All lines below must be repeated exactly, with the pictures omitted.

■ Information supplied ■
------------------------------------------------------------------------
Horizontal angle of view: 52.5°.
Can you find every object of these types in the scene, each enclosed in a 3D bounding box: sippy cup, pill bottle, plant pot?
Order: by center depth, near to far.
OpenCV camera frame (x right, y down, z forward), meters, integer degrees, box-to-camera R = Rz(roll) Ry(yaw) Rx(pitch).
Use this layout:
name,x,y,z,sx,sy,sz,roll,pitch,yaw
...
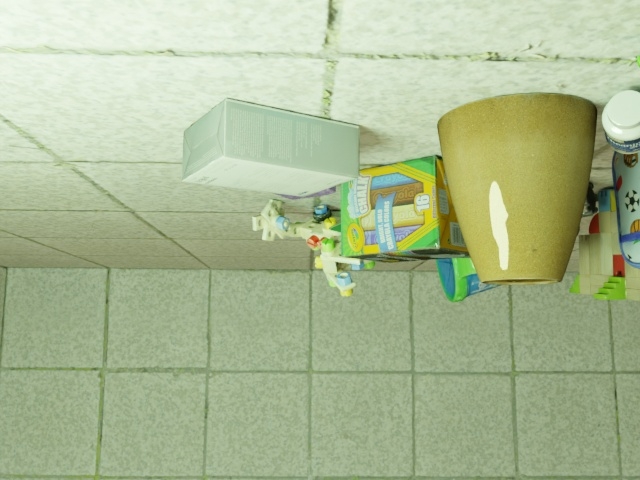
------------------------------------------------------------------------
■ Result for this task ■
Horizontal angle of view: 52.5°.
Can you find every object of these types in the scene, each enclosed in a 3D bounding box: sippy cup, pill bottle, plant pot?
Order: by center depth, near to far.
OpenCV camera frame (x right, y down, z forward), meters, integer degrees, box-to-camera R = Rz(roll) Ry(yaw) Rx(pitch).
Use this layout:
name,x,y,z,sx,sy,sz,roll,pitch,yaw
...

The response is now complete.